Promesas: basta ya de realidades
Gabriel García Márquez suele contar a los amigos -nunca se sabrá si como antiguo reportero o en su condición de novelista- un episodio de la campaña electoral emprendida por un dirigente del PRI para conseguir la gobernatura de un Estado mexicano. Los campesinos acarreados por el aparato del partido para servir de auditorio forzoso al orador -un mar de banderas tricolores y retratos del candidato cubría la plaza- escuchaban pacientemente la habitual retahíla de logros oficiales (carreteras, escuelas, centros de salud, recintos deportivos, canales de regadío, viviendas populares) cuando de la multitud emergió provocadoramente una pancarta subversiva: "¡Basta ya de realidades, queremos promesas!".Dejando a un lado la verosimilitud de la fábula, el relato ofrece una moraleja de alcance general. Después de que el PP ganase las elecciones generales de 1996 tan sólo por 300.000 votos, los socialistas llegaron a la equivocada conclusión de que su vuelta al poder sería inmediata: dado que su derrota se había producido por un estrechísimo margen, pese a la gravedad de los escándalos de corrupción denunciados durante las últimas legislaturas de Felipe González, la recuperación de los votos perdidos a causa de la abstención o de las papeletas en blanco parecía pan comido. De un lado, los trece años y medio de gobierno ininterrumpido del PSOE ofrecían un indiscutible saldo global de aciertos (una vez descontados los errores) y garantizaba a los ciudadanos la continuidad de equipos competentes y experimentados en la gestión pública; de otro lado, los socialistas daban por descontado que los populares serían incapaces de afrontar los complejos problemas de un moderno Estado social de derecho (la política económica, los servicios públicos, la lucha antiterrorista o la financiación autonómica) y que Aznar quedaría eclipsado en las cumbres de la Unión Europea por la sombra del anterior presidente del Gobierno. Ese doble convencimiento explica que la gran mayoría de los diputados socialistas designados para ocupar las portavocías de las diferentes comisiones sectoriales del Congreso fuesen ex ministros, preparados a retomar sus carteras -como auténtico gabinete en la sombra- a las primeras de cambio. Los resultados del 12-M mostraron hasta qué punto ambas suposiciones eran erróneas: ni el electorado añoró el buen gobierno del PSOE, ni castigó al PP por un mal gobierno que había bajado los impuestos y formalizado la entrada de la peseta en el euro.

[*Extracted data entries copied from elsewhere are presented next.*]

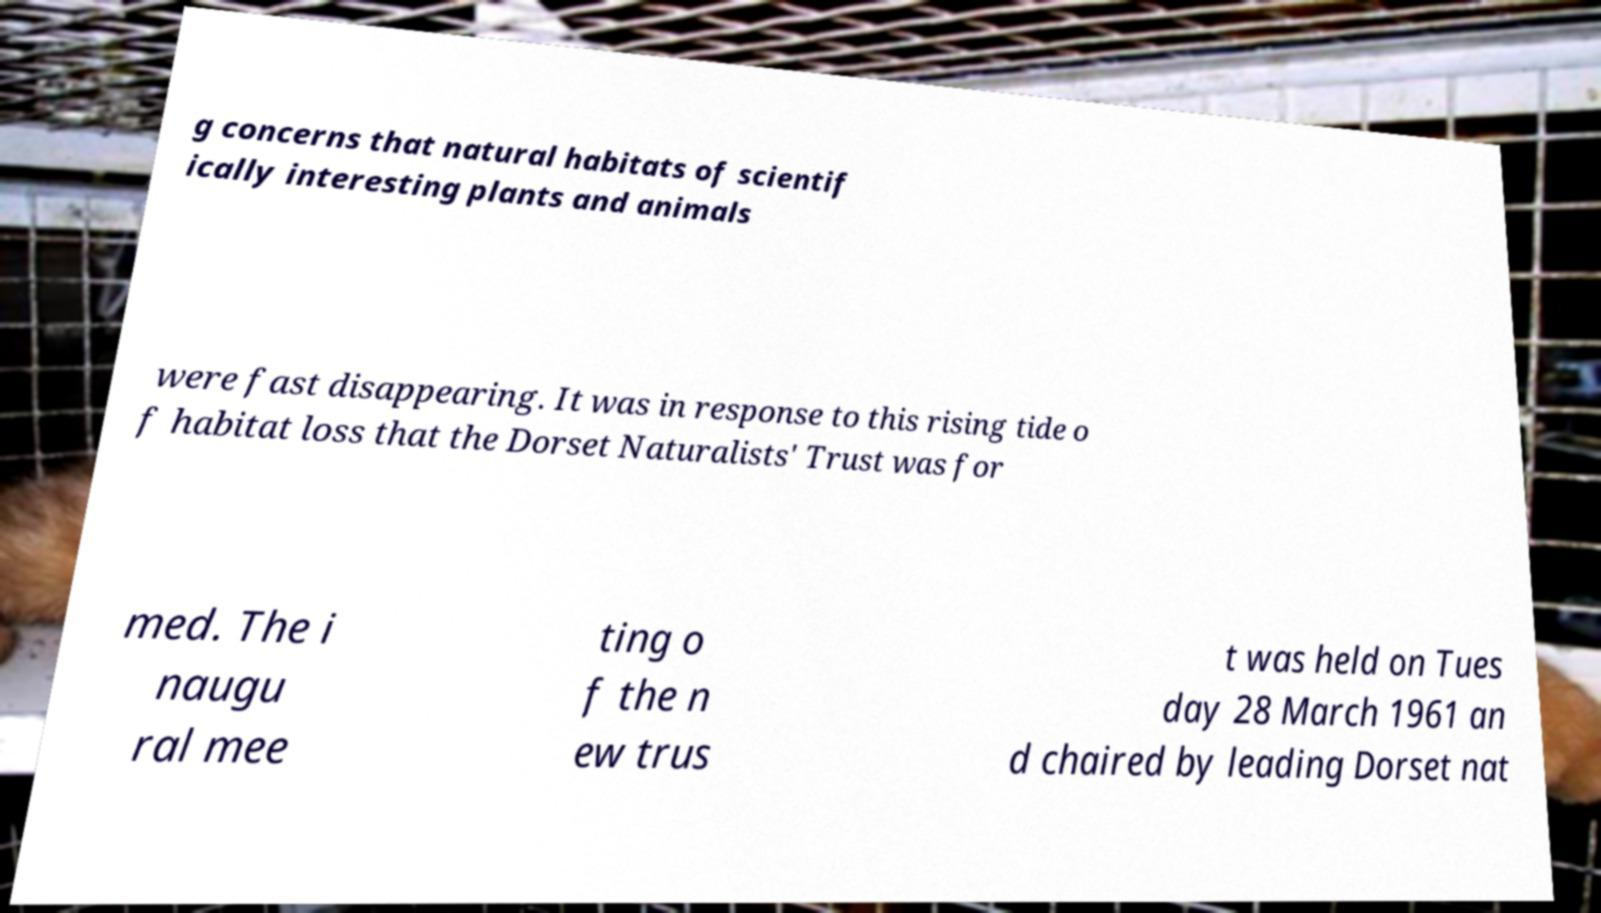Please identify and transcribe the text found in this image. g concerns that natural habitats of scientif ically interesting plants and animals were fast disappearing. It was in response to this rising tide o f habitat loss that the Dorset Naturalists' Trust was for med. The i naugu ral mee ting o f the n ew trus t was held on Tues day 28 March 1961 an d chaired by leading Dorset nat 
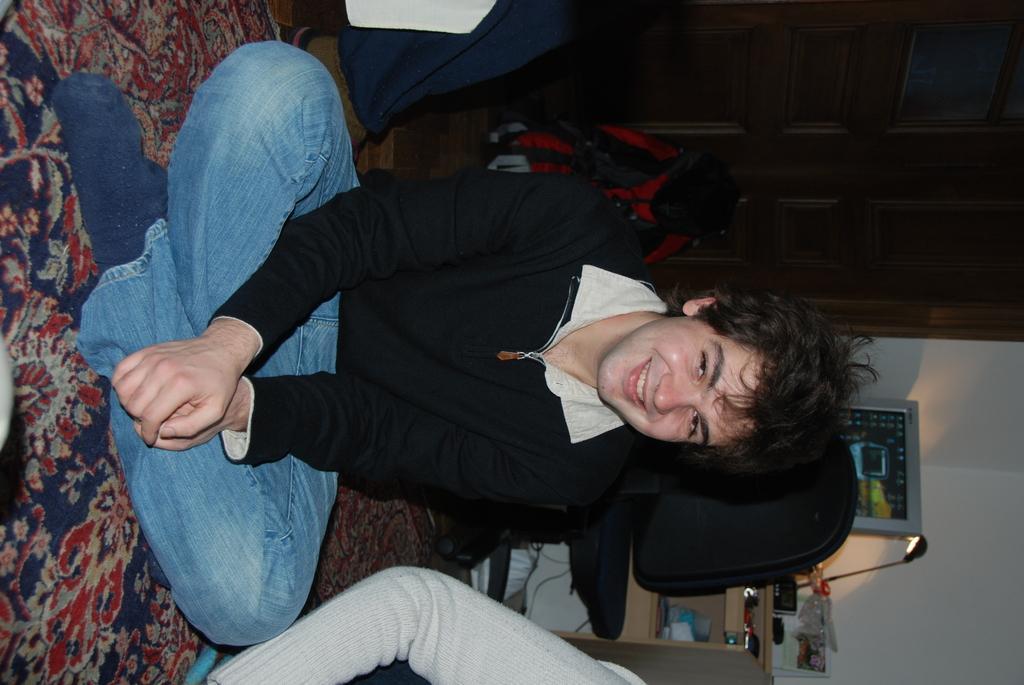Please provide a concise description of this image. It is a tilted image, there is a man sitting on the floor on the carpet and he is smiling and looking towards his left. Behind the man there is a table and in front of the table there is a chair, on the table there is a lamp, a desktop and many other things were kept. Behind the table there is a wall and on the either side of the man there are two other people and they are not clearly visible in the picture. 
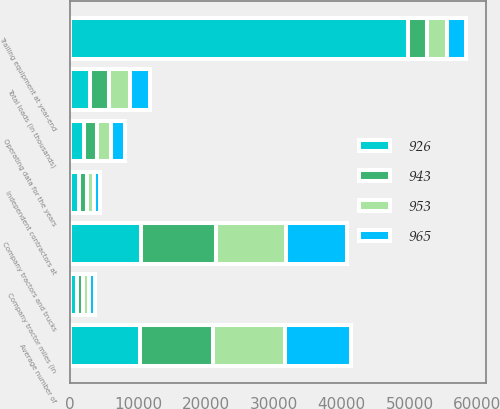<chart> <loc_0><loc_0><loc_500><loc_500><stacked_bar_chart><ecel><fcel>Operating data for the years<fcel>Total loads (in thousands)<fcel>Average number of<fcel>Company tractors and trucks<fcel>Independent contractors at<fcel>Trailing equipment at year-end<fcel>Company tractor miles (in<nl><fcel>965<fcel>2008<fcel>2951<fcel>9688<fcel>9067<fcel>912<fcel>2866<fcel>797<nl><fcel>953<fcel>2007<fcel>3008<fcel>10635<fcel>10308<fcel>1084<fcel>2866<fcel>926<nl><fcel>943<fcel>2006<fcel>2915<fcel>10721<fcel>10961<fcel>1107<fcel>2866<fcel>965<nl><fcel>926<fcel>2005<fcel>2866<fcel>10316<fcel>10480<fcel>1310<fcel>49733<fcel>953<nl></chart>

Las realidades de cuya autoría se jactan los Gobiernos (sean del PRI o del PAN, del PSOE o del PP) siempre pueden ser comparadas desfavorablemente con las necesidades insatisfechas, o atribuidas a la bonanza del ciclo económico, o criticadas por desaprovechar las oportunidades existentes. Sin embargo, los socialistas -antes- y los populares -ahora- elegidos en las urnas para gobernar corren el serio peligro de creerse demiurgos de la historia a quienes los votantes deberían agradecimiento eterno. La prolongada permanencia en el poder no hace sino refozar esas tendencias megalómanas, que llevan a los gobernantes a olvidar su papel de simples administradores de los recursos presupuestarios: la política es un oficio voluntario cuyo ejercicio depara a quienes lo practican remuneraciones materiales, gratificaciones simbólicas, bienes posicionales y compensaciones psicológicas lo suficientemente atractivas como para hacer infrecuentes las jubilaciones voluntarias en el escalafón.
No será fácil que los socialistas recuperen los votos perdidos el 12-M a menos que abandonen el narcisista elogio de las realidades conseguidas durante su ya lejana etapa de gobierno y renuncien a menospreciar la capacidad de los populares para gestionar de forma competente el Estado, una tarea al alcance de bastante gente y que tampoco exige un especial talento. Al igual que ocurrió con la victoria de Borrell en las primarias de 1998, el triunfo de Rodríguez Zapatero en el 35º Congreso ha despertado, en cambio, las esperanzas del potencial electorado socialista, tal y como muestra el sondeo de Demoscopia publicado ayer en EL PAÍS. De la renovada capacidad del PSOE para formular promesas razonables que sitúen la línea del horizonte un poco más lejos de donde la ha fijado el PP depende en gran medida que la convocatoria de 2004 sea una cita electoral competitiva y que los socialistas puedan incluso derrotar a los populares en las urnas.